Smoke Gets In Your Eyes

by Jerry Dennis

A campfire is only as good as the wood it is built with, a simple truth learned the hard way by many a wayfarer who has hunched hungry and cold over a smoking pile of punky basswood. If you appreciate a good campfire--more, if you appreciate the difference between a good campfire and a great campfire--you're probably a connoisseur of wood and a proud builder of woodpiles. The credo of our breed might well be, "Not Just Any Stick Will Do."

Camping manuals often recommend carrying those dinky folding campsaws, some of which have nothing more than a length of serrated wire for a blade. The implication is that cutting wood on a camping trip is no big deal and you might not want to bother bringing a saw at all. The truth is, you can break enough wood over your knee to get by if all you want from a fire is enough heat to warm your Spam and maybe smoke-dry a pair of wet socks. But if you're after more than mere utility you flat-out need a decent saw, an ax, and a supply of premium wood. Accept no substitutes.

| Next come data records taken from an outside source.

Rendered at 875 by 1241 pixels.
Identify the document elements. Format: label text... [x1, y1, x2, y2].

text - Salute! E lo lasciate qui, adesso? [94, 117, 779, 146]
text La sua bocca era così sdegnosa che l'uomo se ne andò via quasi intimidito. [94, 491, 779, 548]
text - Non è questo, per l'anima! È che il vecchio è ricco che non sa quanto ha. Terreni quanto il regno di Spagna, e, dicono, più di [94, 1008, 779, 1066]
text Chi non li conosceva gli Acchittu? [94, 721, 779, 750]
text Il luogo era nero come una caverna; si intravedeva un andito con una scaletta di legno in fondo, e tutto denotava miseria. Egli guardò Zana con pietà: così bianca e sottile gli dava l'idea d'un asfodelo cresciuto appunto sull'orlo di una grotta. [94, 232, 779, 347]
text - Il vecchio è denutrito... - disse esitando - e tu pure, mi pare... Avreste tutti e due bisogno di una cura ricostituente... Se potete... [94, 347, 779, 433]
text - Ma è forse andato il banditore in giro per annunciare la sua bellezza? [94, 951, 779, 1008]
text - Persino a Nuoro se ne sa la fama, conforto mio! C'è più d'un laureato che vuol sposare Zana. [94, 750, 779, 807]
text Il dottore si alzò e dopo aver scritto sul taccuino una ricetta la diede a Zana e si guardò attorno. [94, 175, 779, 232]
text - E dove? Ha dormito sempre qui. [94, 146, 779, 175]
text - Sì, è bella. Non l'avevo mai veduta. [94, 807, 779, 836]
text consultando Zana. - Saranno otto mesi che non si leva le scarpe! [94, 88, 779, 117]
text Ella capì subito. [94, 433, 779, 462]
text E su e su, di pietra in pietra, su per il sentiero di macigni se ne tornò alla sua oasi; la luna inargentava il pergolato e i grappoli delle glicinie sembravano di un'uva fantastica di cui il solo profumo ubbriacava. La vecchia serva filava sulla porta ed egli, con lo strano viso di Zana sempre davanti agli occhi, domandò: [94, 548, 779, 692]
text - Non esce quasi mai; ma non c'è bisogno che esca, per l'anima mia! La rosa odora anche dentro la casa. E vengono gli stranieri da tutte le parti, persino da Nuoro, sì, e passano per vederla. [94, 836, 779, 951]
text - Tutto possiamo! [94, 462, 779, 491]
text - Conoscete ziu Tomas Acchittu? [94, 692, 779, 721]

Thoreau's fire warmed him twice, which suggests the great holistic truth of open fires. The pleasure is much greater than the flame itself. It starts with the cutting, splitting, carrying, and stacking of the wood, and it continues through all the stages of building, lighting, and feeding the fire. It doesn't end until the last orange coal winks out in its bed of ashes.

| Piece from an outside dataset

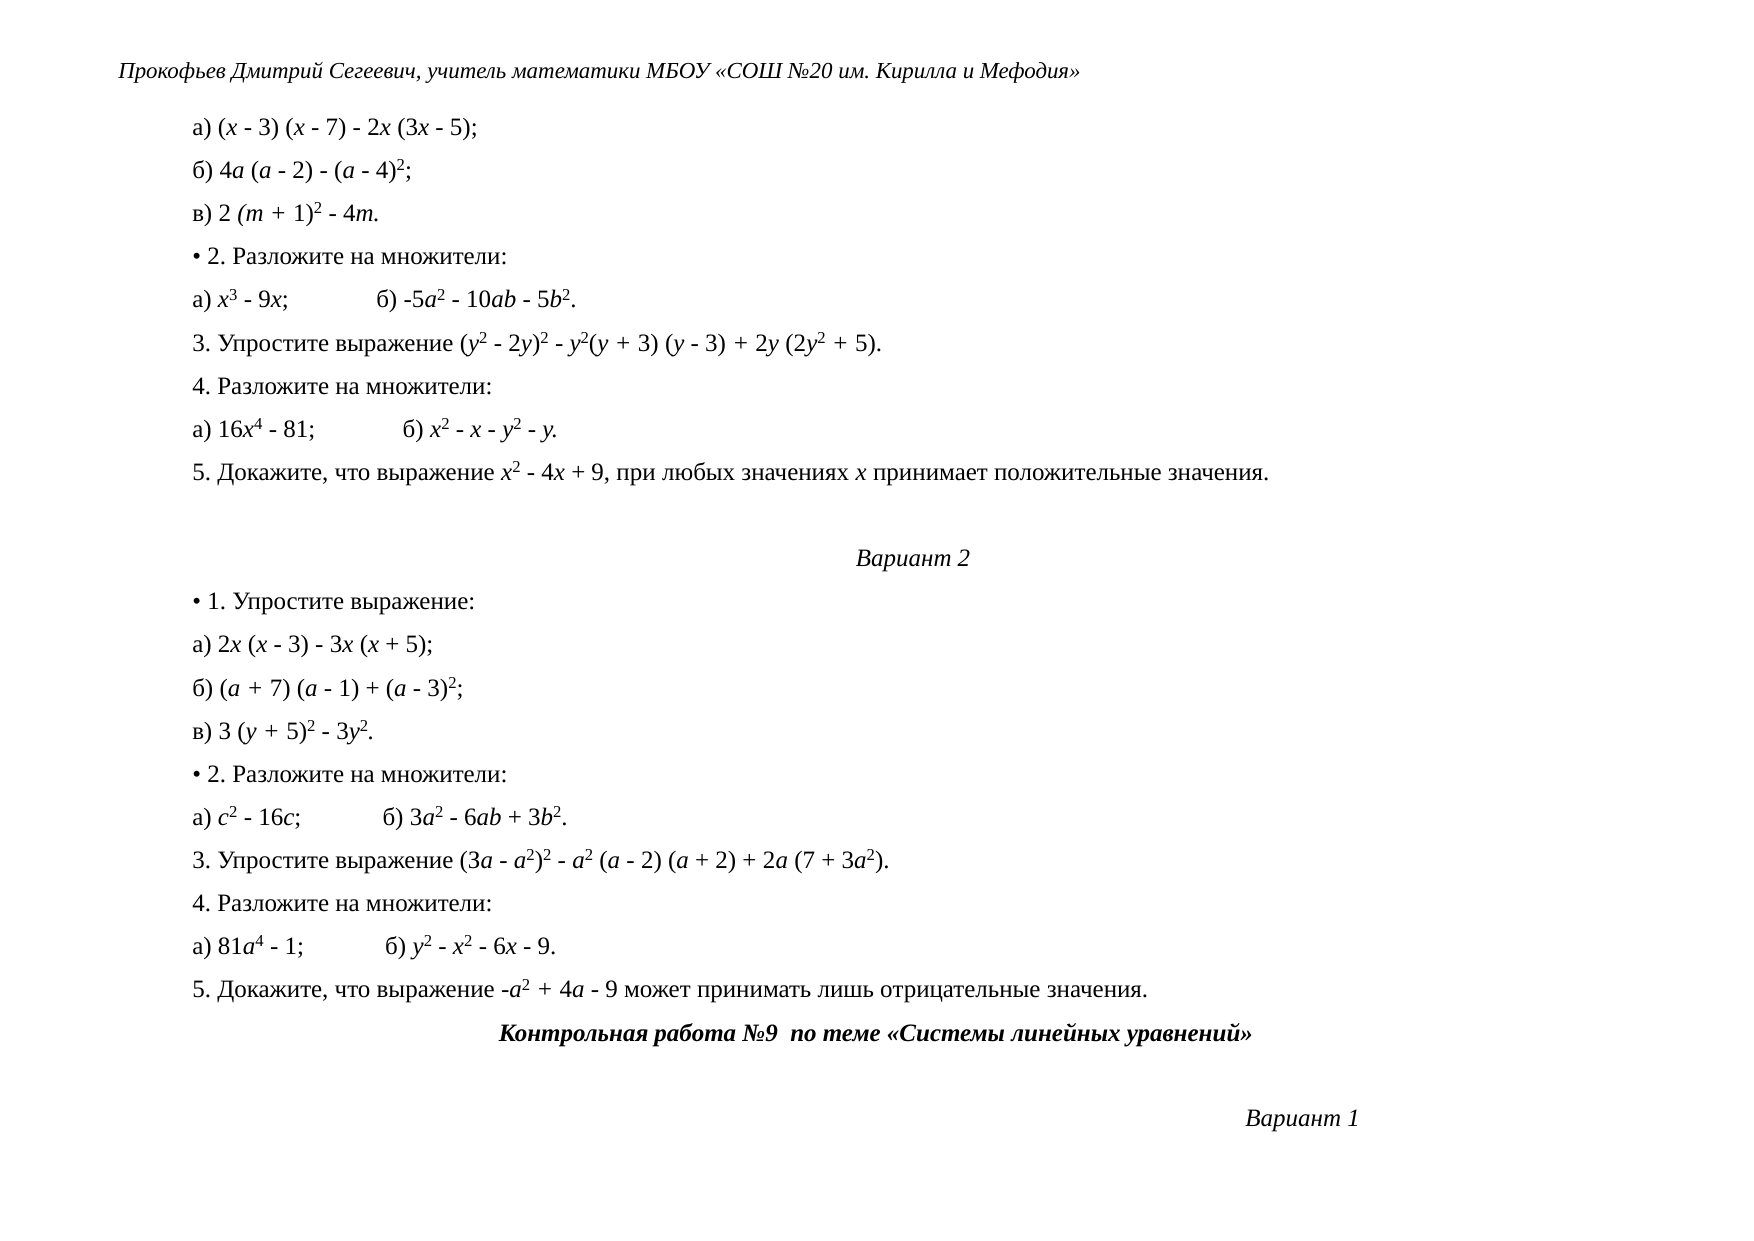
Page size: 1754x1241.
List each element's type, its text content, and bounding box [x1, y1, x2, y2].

The reason thousands of homeowners prefer real fireplaces to gas imitations should be obvious. An open fire appeals to all the senses. The crack of exploding resin, the enthusiastic whoop of flame sucking oxygen, the thump of a log settling into coals are sounds we learn to associate with contentment and well-being. And it smells good. If I didn't come home surrounded by a nimbus of campfire scent I'd feel the weekend had been wasted. Anyone with a fairly good nose learns the differences in the smell of wood. You can recognize immediately the bright fragrance of mesquite, the subtle sweetness of cherry, the cloying thickness of balsam and spruce.

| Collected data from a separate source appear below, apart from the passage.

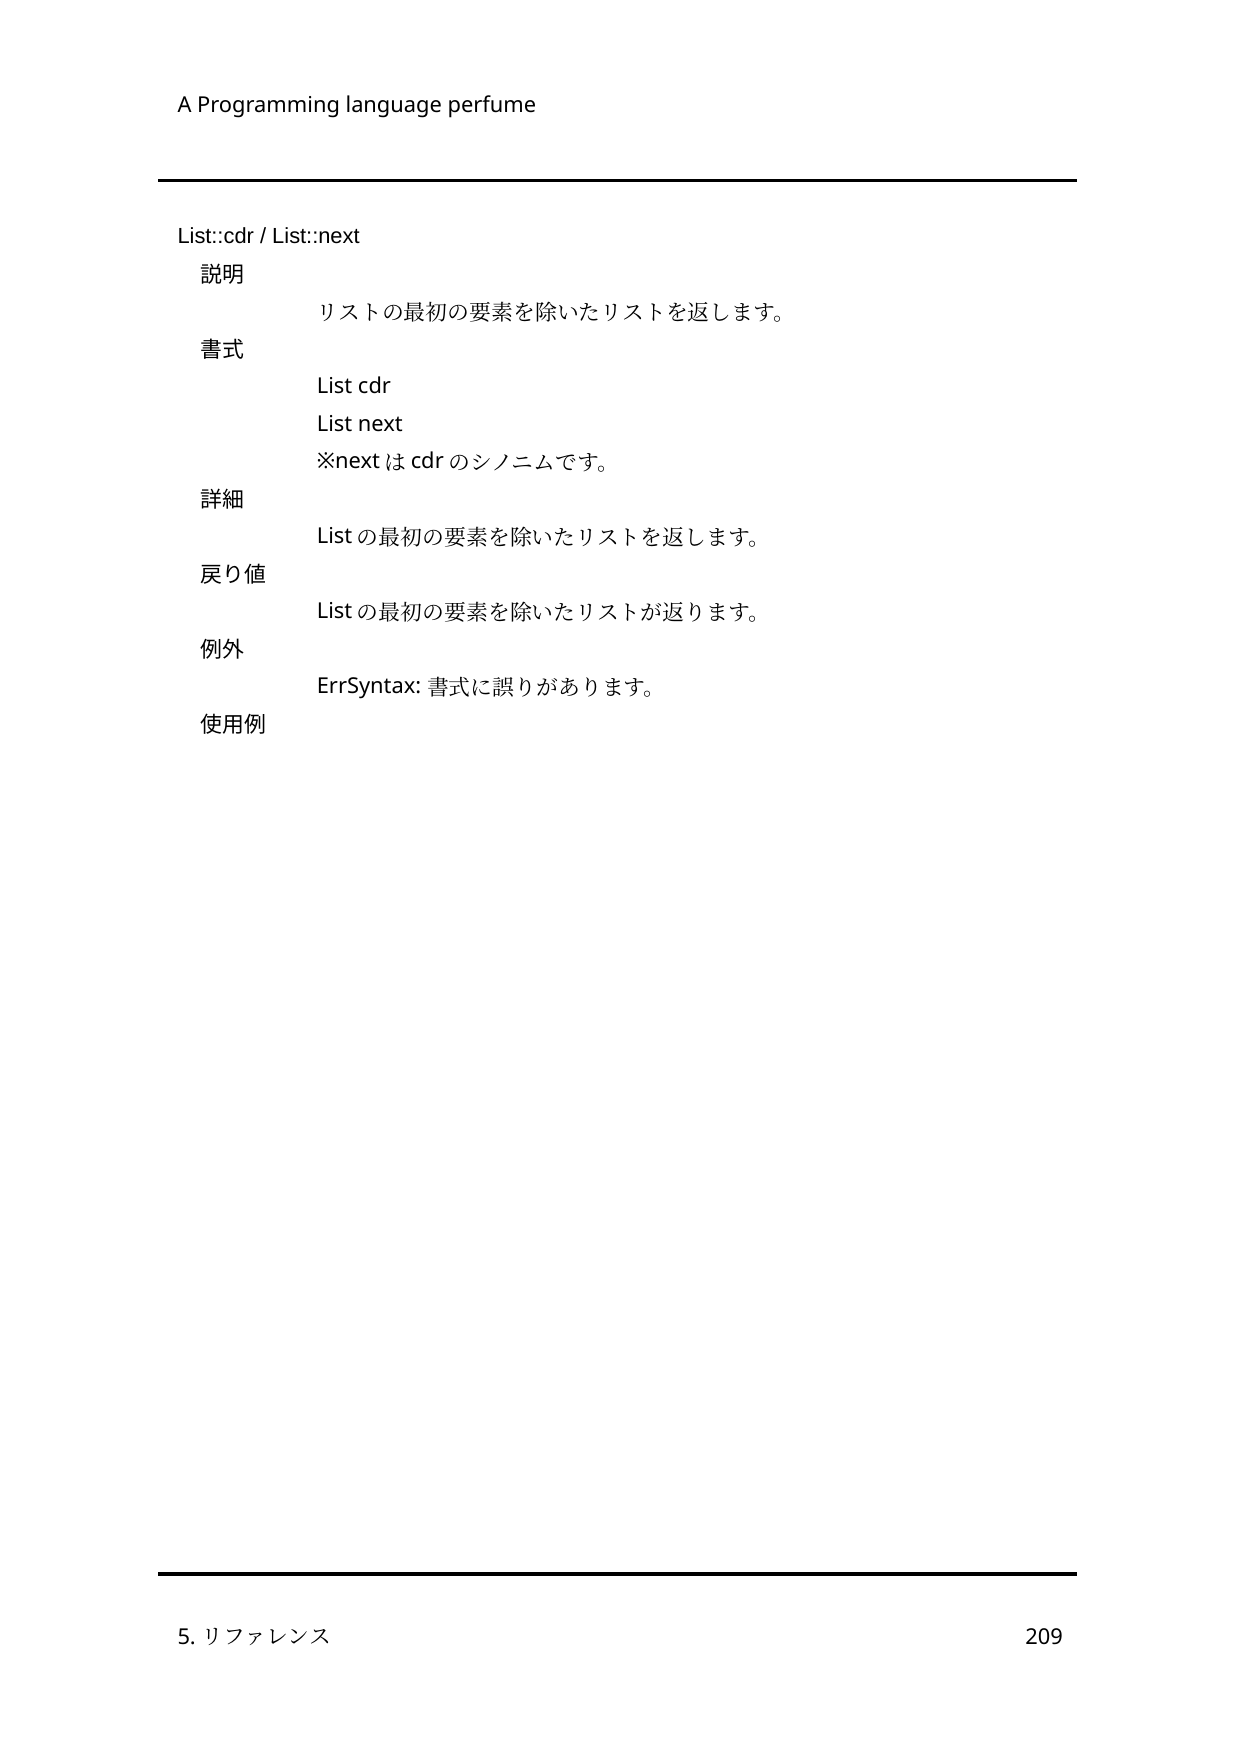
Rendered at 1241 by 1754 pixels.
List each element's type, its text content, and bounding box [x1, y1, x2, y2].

table_cell 詳細 [200, 479, 317, 554]
table_cell 例外 [200, 629, 317, 704]
table_cell List cdr List next ※nextはcdrのシノニムです。 [317, 329, 1063, 479]
table_cell 戻り値 [200, 554, 317, 629]
table_header 説明 [200, 254, 317, 329]
table_cell 書式 [200, 329, 317, 479]
table_cell Listの最初の要素を除いたリストが返ります。 [317, 554, 1063, 629]
table_cell Listの最初の要素を除いたリストを返します。 [317, 479, 1063, 554]
subtitle List::cdr / List::next [177, 217, 1063, 254]
table_cell 使用例 [200, 704, 317, 779]
table_cell ErrSyntax: 書式に誤りがあります。 [317, 629, 1063, 704]
table_cell [317, 704, 1063, 779]
table_header リストの最初の要素を除いたリストを返します。 [317, 254, 1063, 329]

In the upland forests of the Great Lakes region our campfire wood of choice is dead maple, air-dried on the stump. The best trees for the purpose are saplings, just a few inches in diameter, that died young in the battle for sunlight and survival, crowded out by bigger, thicker, more robust trees. Long after they lost their leaves, twigs, branches, and bark, they remain standing, bone-dry and clean, like ancient brittle lances. They can be brought down with a push, dragged to camp, and sawed into lengths. They split easily into kindling, and, burned in the round, roar with flame and heat--the kind of fire that burns effortlessly for hours, sends a white trail of fragrant smoke, and builds a foundation of coals that lasts all night.

Where there's fire, of course, there's smoke. When we were children my friends and I thought that saying the phrase "I hate rabbits" would cause pesky smoke to shift away from us. The habit stuck. We're adults now, too often distracted by adult problems, but when we sit around a campfire together, sipping drinks, eating, animated in conversation, we still squint and lean back when the smoke turns in our direction, and without thinking say "Rabbits!" It's a satisfying thing to build a good fire and watch it change your old friends into kids again.